Pire encore : on a vu M. Marzouki monter sur ses grands chevaux pour stigmatiser «l'atteinte au sacré» (sic!) reprochée par des agitateurs islamistes à quelques artistes irrévérencieux, lors de l'affaire de l'exposition du Palais Abdellia à La Marsa.

Visions, programmes et priorités

Le programme de M. Caïd Essebsi met en avant la lutte contre le terrorisme, la pauvreté et l'inégalité. Ses priorités sont la sécurité, la restauration du prestige de l'Etat, l'emploi, les jeunes, le développement régional et la justice sociale.

Les défis que le candidat de Nidaa Tounès compte relever concernent le désenclavement des régions défavorisées, le rétablissement de la justice, la réforme de l'éducation, la croissance économique, le rétablissement du pouvoir d'achat, la consolidation de la République civile et démocratique et le renforcement du rayonnement extérieur de la Tunisie.

Dans son programme, Marzouki insiste sur l'équilibre entre les pouvoirs et la lutte contre la pauvreté. Il ne cesse de diaboliser Nidaa Tounès en se présentant avec un référent islamiste. Il brosse le portrait d'une Tunisie coupée en deux (le nord égoïste et le sud abandonné, les «azlems» de l'ancien régime et les révolutionnaires, etc.) et essaye de créer un fossé de tension entre les Tunisiens qui n'acceptent pas la banalisation de l'intolérance et de la haine.

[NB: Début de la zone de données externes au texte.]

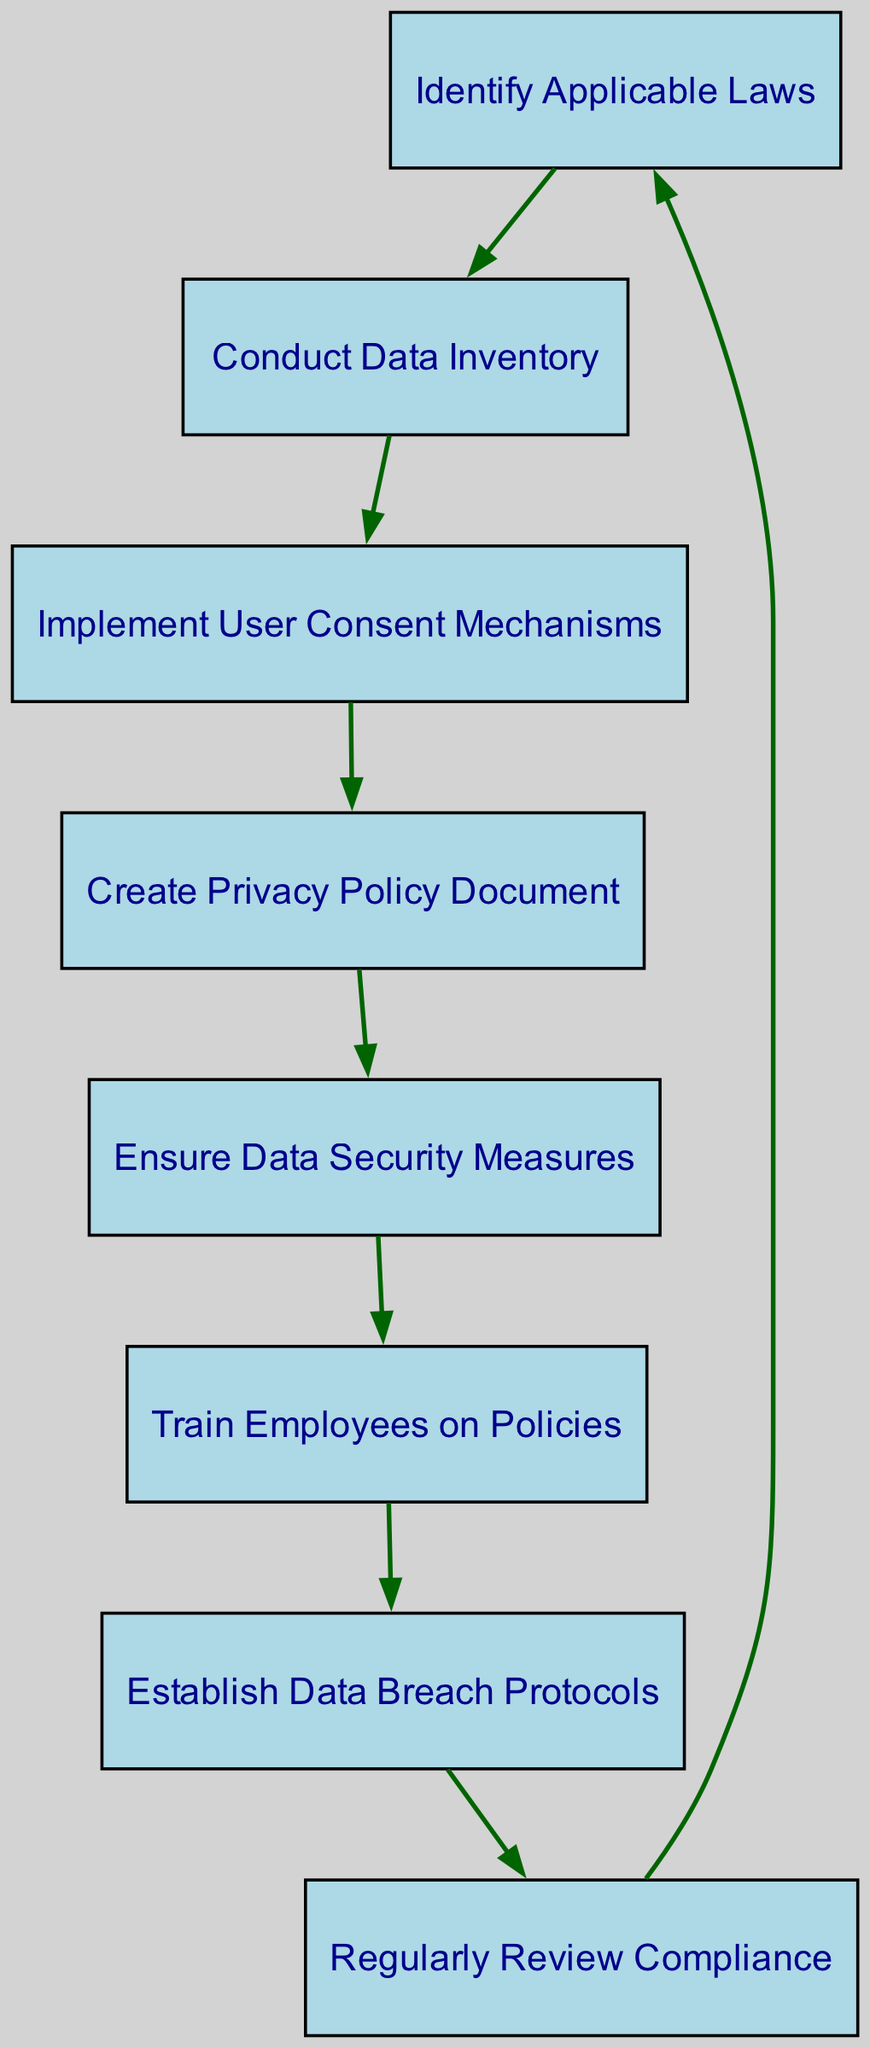What are the first two steps in the compliance process? The first two nodes in the diagram represent the first two steps. The first step is "Identify Applicable Laws" followed by "Conduct Data Inventory."
Answer: Identify Applicable Laws, Conduct Data Inventory How many nodes are present in the diagram? By counting the distinct items in the "nodes" section of the data, there are a total of eight nodes.
Answer: 8 What step follows "Establish Data Breach Protocols"? The diagram indicates a direct connection from "Establish Data Breach Protocols," which is node 7, to the next step "Regularly Review Compliance," which is node 8.
Answer: Regularly Review Compliance What is the last step in this series of compliance steps? The flow proceeds from "Regularly Review Compliance" back to "Identify Applicable Laws," creating a cycle. Since it ends at node 1, that means the last step is "Identify Applicable Laws."
Answer: Identify Applicable Laws What is the relationship between "Implement User Consent Mechanisms" and "Create Privacy Policy Document"? The edge connecting these two nodes shows a direct flow from "Implement User Consent Mechanisms" (node 3) to "Create Privacy Policy Document" (node 4), indicating a sequential relationship.
Answer: Sequential Which step comes after ensuring data security measures? The diagram shows an edge leading from "Ensure Data Security Measures" (node 5) to "Train Employees on Policies" (node 6), indicating that the next step is training employees.
Answer: Train Employees on Policies How many edges are there in the diagram? By examining the "edges" section of the data, we can count that there are seven connections drawn between the nodes.
Answer: 7 What is the primary purpose of the directed graph? The primary purpose represented by the structure of the directed graph is to outline the compliance steps required for privacy policies in a sequential manner.
Answer: Outline compliance steps 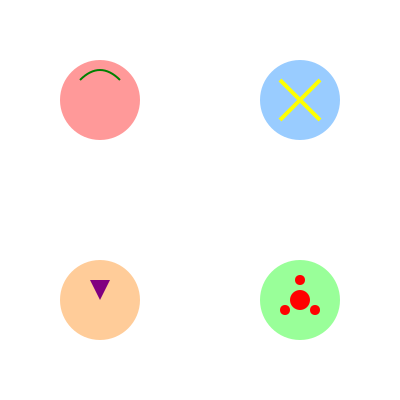Match the abstract garnish patterns shown in the image to their corresponding cocktail recipes:

A. Mojito
B. Tequila Sunrise
C. Whiskey Sour
D. Cherry Blossom Martini

Which pattern corresponds to the Cherry Blossom Martini? To solve this visual challenge, we need to analyze each pattern and match it to the most likely cocktail based on the garnish representation:

1. Top-left (pink circle with green curve):
   - The green curve suggests a lime or mint leaf, common in Mojitos.
   - This pattern likely represents a Mojito.

2. Top-right (blue circle with yellow X):
   - The yellow X could represent sliced citrus, often used in Whiskey Sours.
   - This pattern likely represents a Whiskey Sour.

3. Bottom-left (orange circle with purple triangle):
   - The triangle shape and colors suggest a sunrise effect, typical of a Tequila Sunrise.
   - This pattern likely represents a Tequila Sunrise.

4. Bottom-right (green circle with red dots):
   - The red dots in a flower-like arrangement suggest cherry blossoms.
   - This pattern likely represents a Cherry Blossom Martini.

By process of elimination and matching the visual representations to the cocktail names, we can conclude that the bottom-right pattern (green circle with red dots) corresponds to the Cherry Blossom Martini.
Answer: Bottom-right pattern 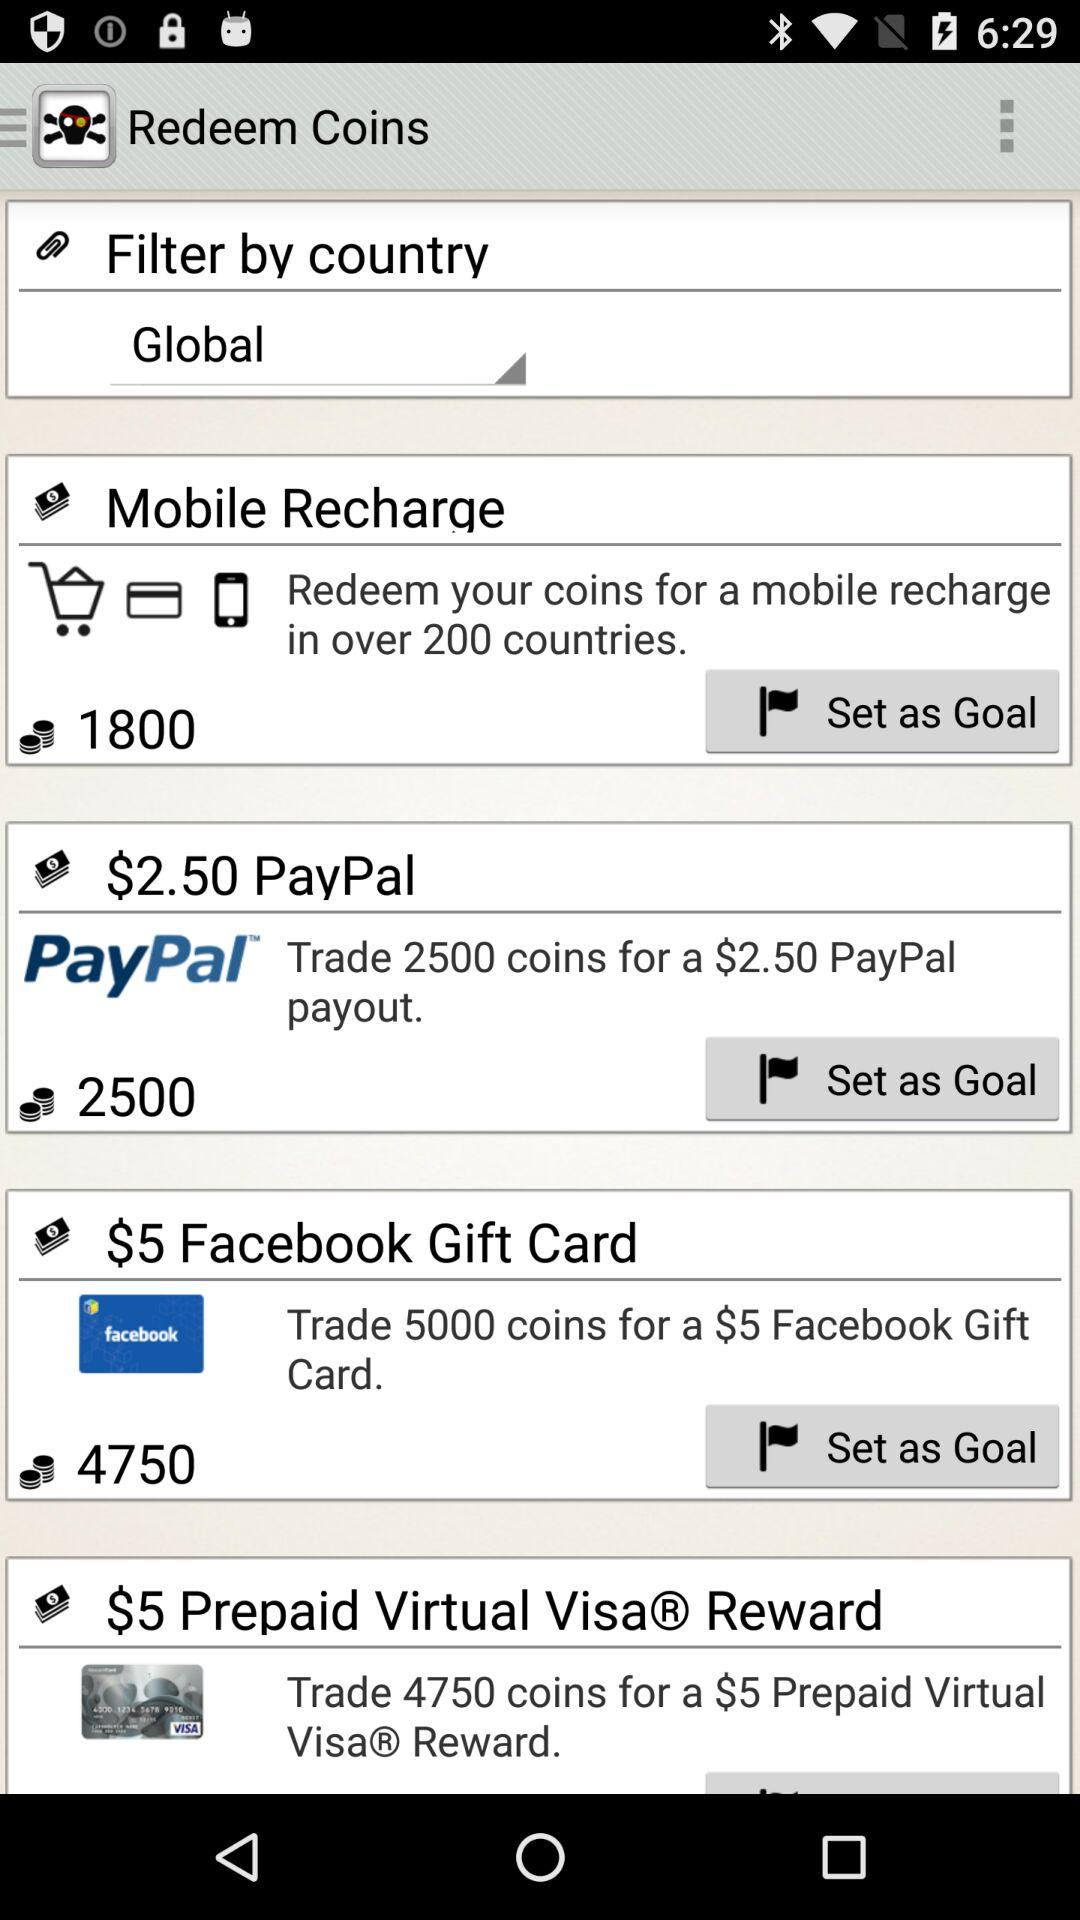For how many coins can we trade with PayPal? You can trade for 2500 coins. 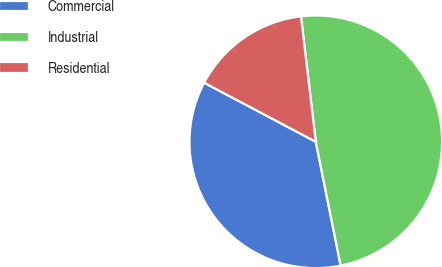Convert chart. <chart><loc_0><loc_0><loc_500><loc_500><pie_chart><fcel>Commercial<fcel>Industrial<fcel>Residential<nl><fcel>35.9%<fcel>48.72%<fcel>15.38%<nl></chart> 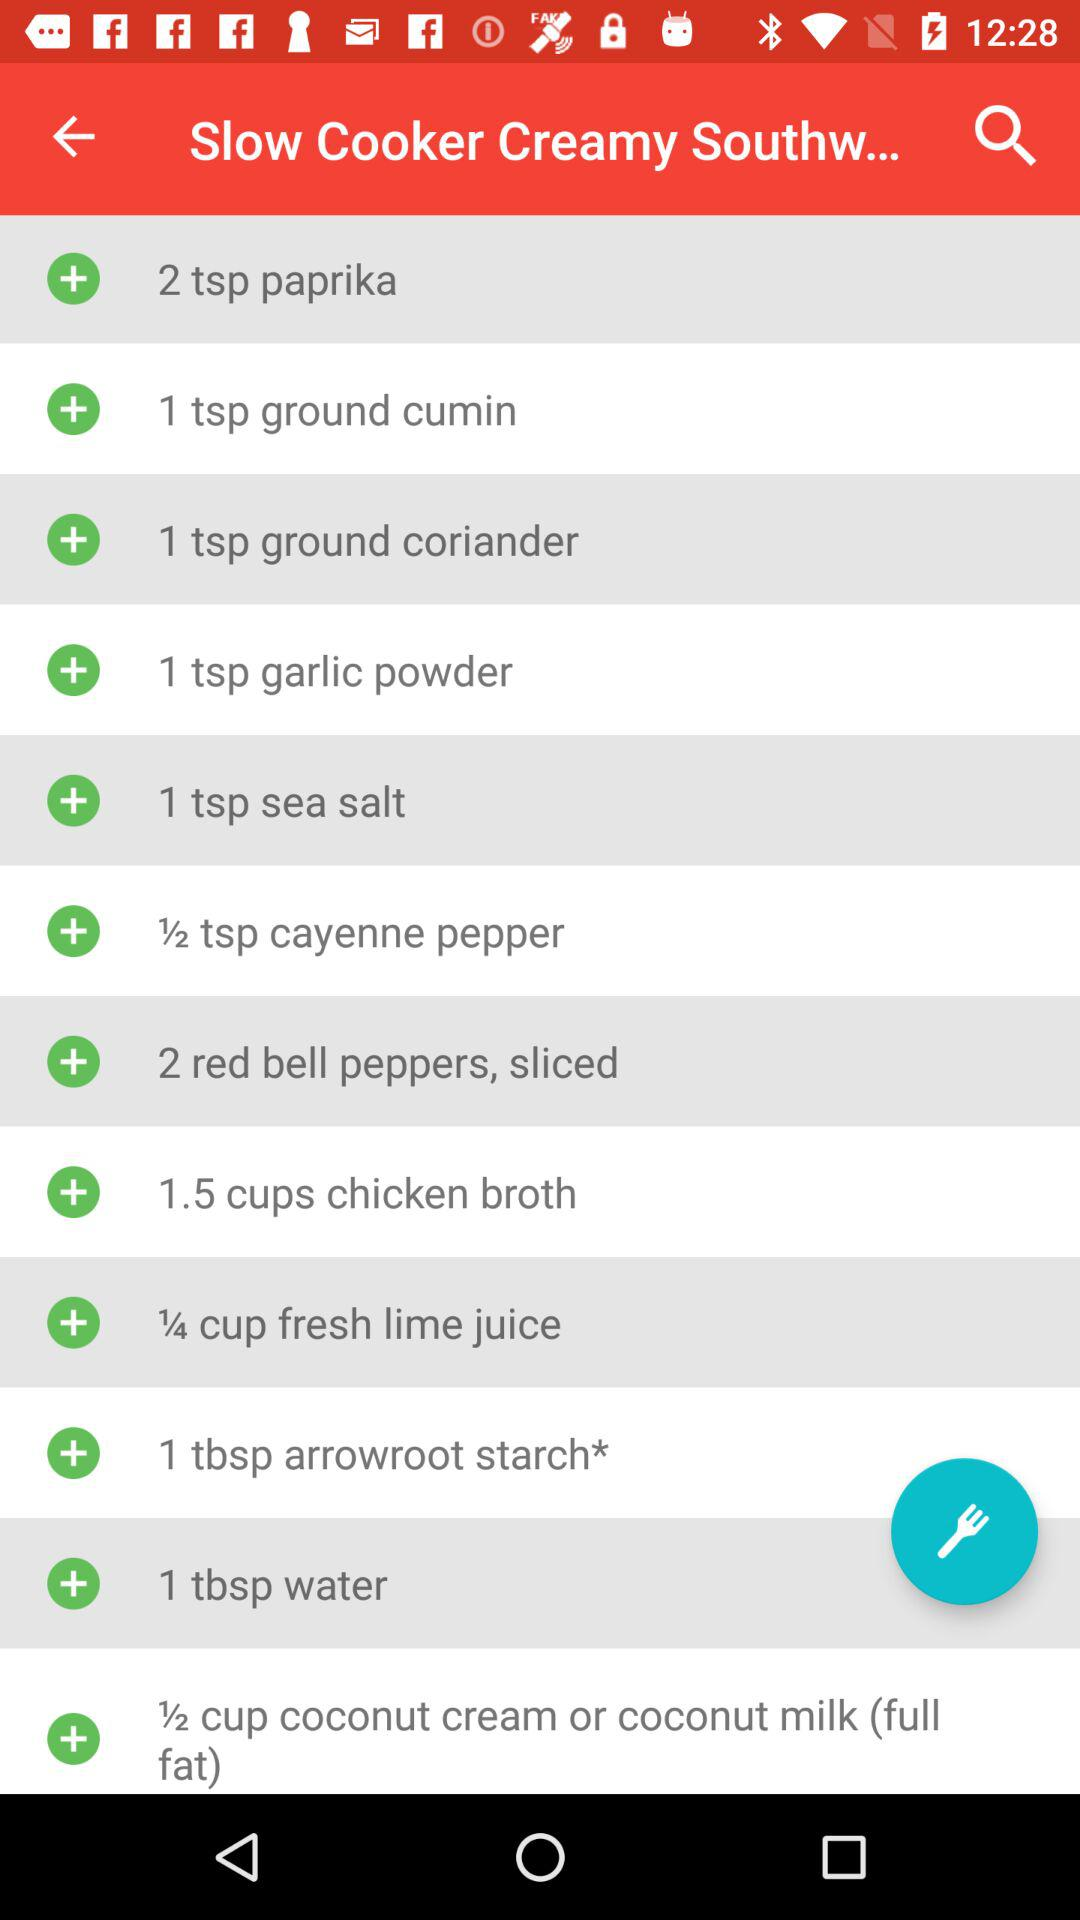How many teaspoons of garlic powder are required? The number of teaspoons of garlic powder required is 1.

Or, on le sait, on ne construit pas une nation sur de tels sentiments. Notre pays veut rester solidaire et uni. Il ne veut pas emprunter la voie de la Syrie et la Libye. Il désire demeurer un îlot de paix et de démocratie dans un paysage régional troublé par les guerres.

Promesses tenues et alliances douteuses

Lorsqu'il a été investi en tant que Premier ministre en février 2011, M. Caïd Essebsi a réussi à mener à terme et avec succès la première étape de la transition démocratique jusqu'à l'élection de l'Assemblée nationale constituante (ANC). Homme intègre et de conviction, il a respecté les règles de la démocratie en remettant le pouvoir entre les mains des vainqueurs du scrutin du 23 octobre 2011.

M. Marzouki a fait des promesses aux démocrates et progressistes en matière des droits de l'homme. Mais, il a joué une carte dangereuse en se liguant avec les imams ultraconservateurs, les milices des LPR et les salafistes partisans du jihad, et pas seulement en Syrie et en Irak.

Il a, en outre, saboté la justice transitionnelle en publiant le ''Livre noir'' pour régler ses vieux comptes et écorné, par ses décisions à l'emporte-pièce , l'image de la diplomatie tunisienne, longtemps saluée pour sa neutralité bienveillante, sa pondération et son attachement aux règles de la coexistence pacifique et du bon voisinage.

Nous avons apporté là quelques informations qui pourraient aider les électeurs à se faire une idée précise du projet politique de chaque candidat. Les indécis pourront comparer et confronter les idées des deux hommes ainsi que leurs programmes pour la Tunisie.

Certes, ces électeurs se forgeront une idée sur le candidat à choisir notamment à partir de ses dimensions humaines, politiques et idéologiques – et pas seulement de ses promesses qui n'engagent que ceux qui y croient –, mais en définitive leur vote devra aller vers le candidat qui rassemble la nation et non vers celui qui la divise.

* Ecrivain, administrateur général à la retraite, ancien professeur de droit social et de GRH, auteur du livre ''Tunisie : l'islam local face à l'islam importé'' (éd. L'Harmattan, Paris, octobre 2014).